Records of type Node
have always "edge_id"
field set to NOT_FOUND
value.
Records of type Edge
have always "edge_id"
field set to an integer value greater or equal to 0
(type pydantic.NonNegativeInt
).
Data frameworks such as Excel and pandas
have conflicting rules and default settings for how to handle missing values when marshalling and unmarshalling data. Language differences (Python, C++, SQL) as well as their popular libraries for handling CSV, JSON, dataframes, and so on, impose their own rules in addition. Consequently we encounter a range of possible ways to represent missing values:
""
(empty string)NA
NaN
None
null
Therefore to help minimize data quality surprises, NOCK
uses the following missing values for the sake of improved consistency:
- integer columns:
-1
- string columns:
""
(including labels and properties)
These values are reserved. So far, there are no known cases where these reserved values conflict with graph use cases.

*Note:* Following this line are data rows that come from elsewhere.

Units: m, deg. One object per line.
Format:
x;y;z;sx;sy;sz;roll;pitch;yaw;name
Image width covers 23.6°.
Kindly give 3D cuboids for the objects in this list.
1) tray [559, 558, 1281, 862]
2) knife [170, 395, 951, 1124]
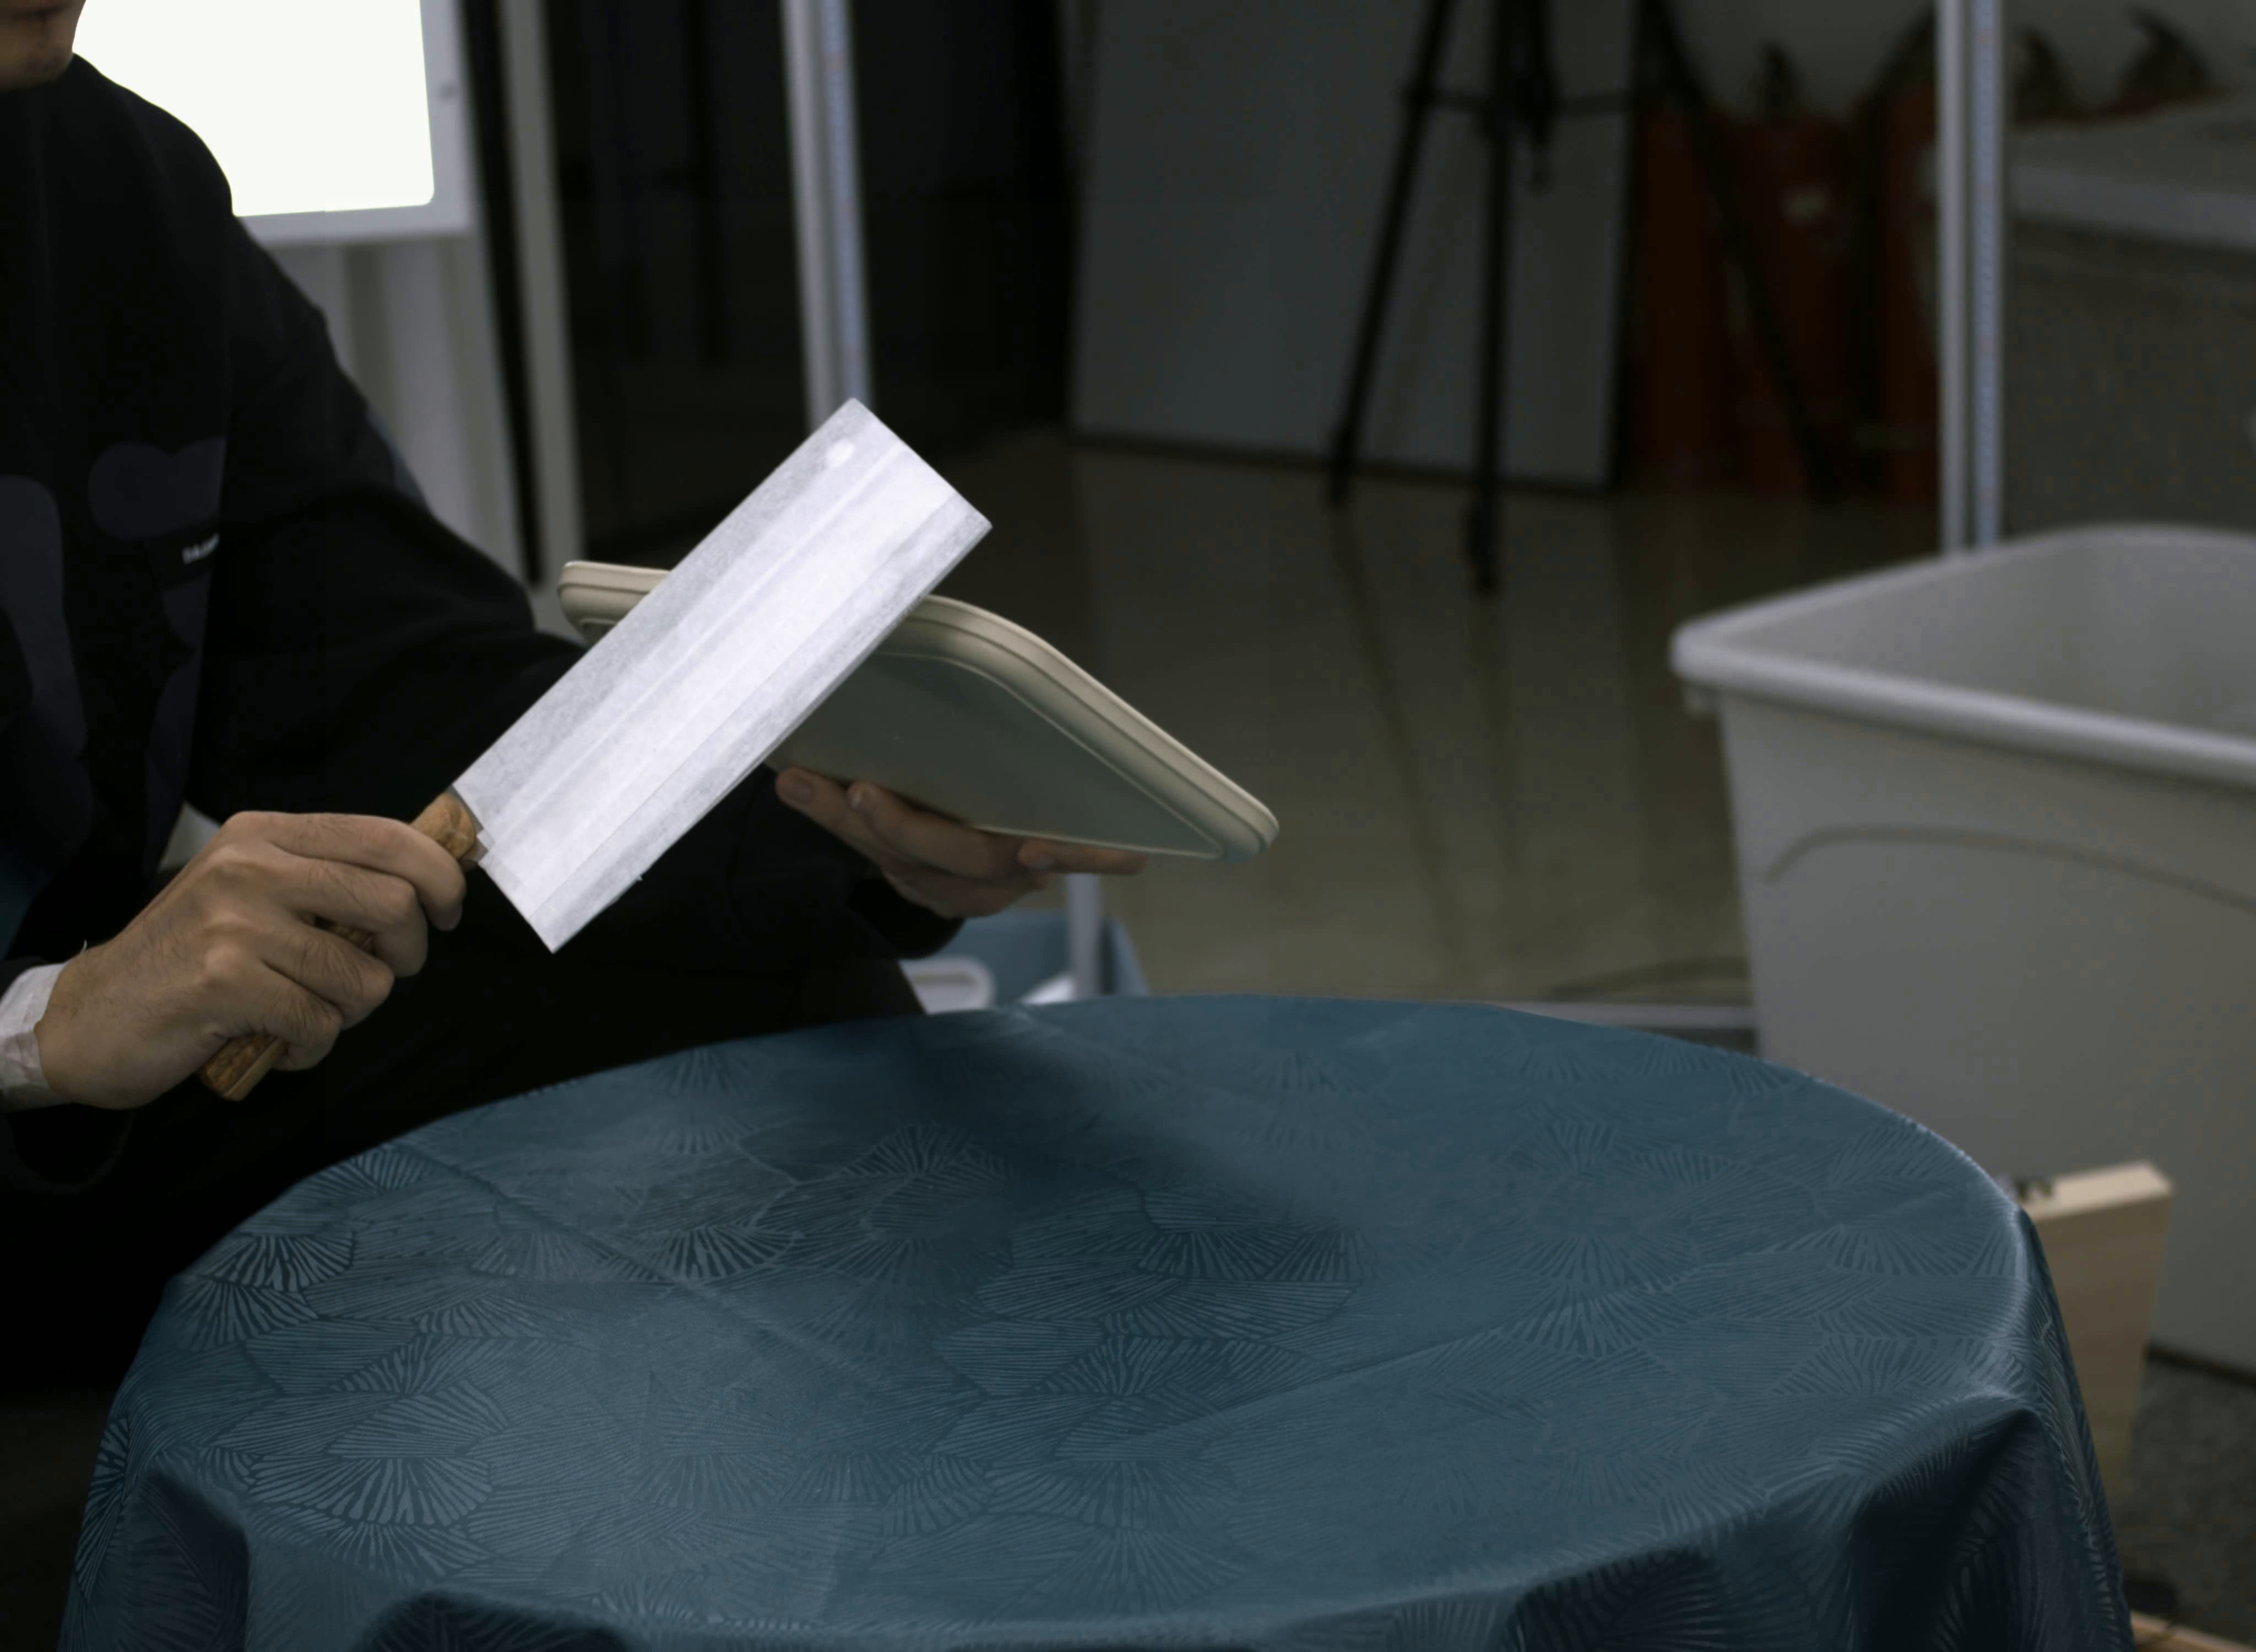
-0.073;-0.037;1.795;0.242;0.017;0.168;7;-23;48;tray
-0.172;-0.010;1.682;0.305;0.021;0.094;-45;46;-1;knife

Missing values for the truth
column are undefined and will raise an exception.
Note that for CSV files:
- a header row is expected
- strings are always quoted, using double quotes
Note that when using pandas
to read Parquet files in NOCK
format, to avoid having NaN
substituted automatically for empty strings,
be sure to use the use_nullable_dtypes = True
setting:
df_parq = pd.read_parquet(
"dat/tiny.parq",
use_nullable_dtypes = True,
).fillna("")
Similarly, when using pandas
to read CSV files in NOCK
format, use the DataFrame.fillna("")
filter:
df_csv = pd.read_csv(
"dat/tiny.csv",
).fillna("")
The Parquet datasets are sharded into multiple partition
files, which use the following Parquet schema:
field name | repetition | type | converted type | purpose |
---|---|---|---|---|
"src_name" | Repetition::REQUIRED |
Type::BYTE_ARRAY |
ConvertedType::UTF8 |
unique symbol for a source node (subject) |
"edge_id" | Repetition::OPTIONAL |
Type::INT32 |
ConvertedType::INT_32 |
integer identifier for an edge, which does not need to be unique |
"rel_name" | Repetition::OPTIONAL |
Type::BYTE_ARRAY |
ConvertedType::UTF8 |
optional relation symbol for an edge (predicate) |
"dst_name" | Repetition::OPTIONAL |
Type::BYTE_ARRAY |
ConvertedType::UTF8 |
optional unique symbol for a destination node (object) |
"truth" | Repetition::OPTIONAL |
Type::FLOAT |
ConvertedType::NONE |
"truth" value for a source node |
"shadow" | Repetition::OPTIONAL |
Type::INT32 |
ConvertedType::INT_32 |
shadow; use -1 for local node, or non-negative integer if this node resides on another partition |
"is_rdf" | Repetition::OPTIONAL |
Type::BOOLEAN |
ConvertedType::NONE |
boolean flag, true if source node was created through W3C stack |
"labels" | Repetition::OPTIONAL |
Type::BYTE_ARRAY |
ConvertedType::UTF8 |
source node labels, represented as a comma-delimited string |
"props" | Repetition::OPTIONAL |
Type::BYTE_ARRAY |
ConvertedType::UTF8 |
properties, either for source nodes or edges, represented as a JSON string of key/value pairs |
There are two kinds of rows represented by this schema:
- node row
- edge row
Within a partition, each node gets serialized as one node row in the Parquet file, followed by an edge row for each of its edges. These two cases are distinguished by the "edge_id"
column values:
- negative for a node row
- non-negative integer values, unique within a source node for an edge row
No specific sort order is required of the node rows. Even so, a sort order may be forced for non-Parquet files during file validation. This allows for row-level comparisons.
One possible optimization could be to use nested rows, where the edge rows get nested in Parquet under their corresponding node rows.
An obvious parallelization is to use multithreading for parsing/building the edge rows for each node row.
-
These field types are intended to make the format independent of system OS and language constraints, e.g., a Parquet dataset could be generated in a SQL query, Excel export, Jupyter notebook, Dask task, Spark job, JavaScript UI, etc., as input into a graph.
-
Additional columns/fields may be added to this organization as needed, such as for subgraphs, supporting evidence, etc.
-
Currently the node and edge properties are represented using JSON, although these may become optimized later as Parquet maps instead.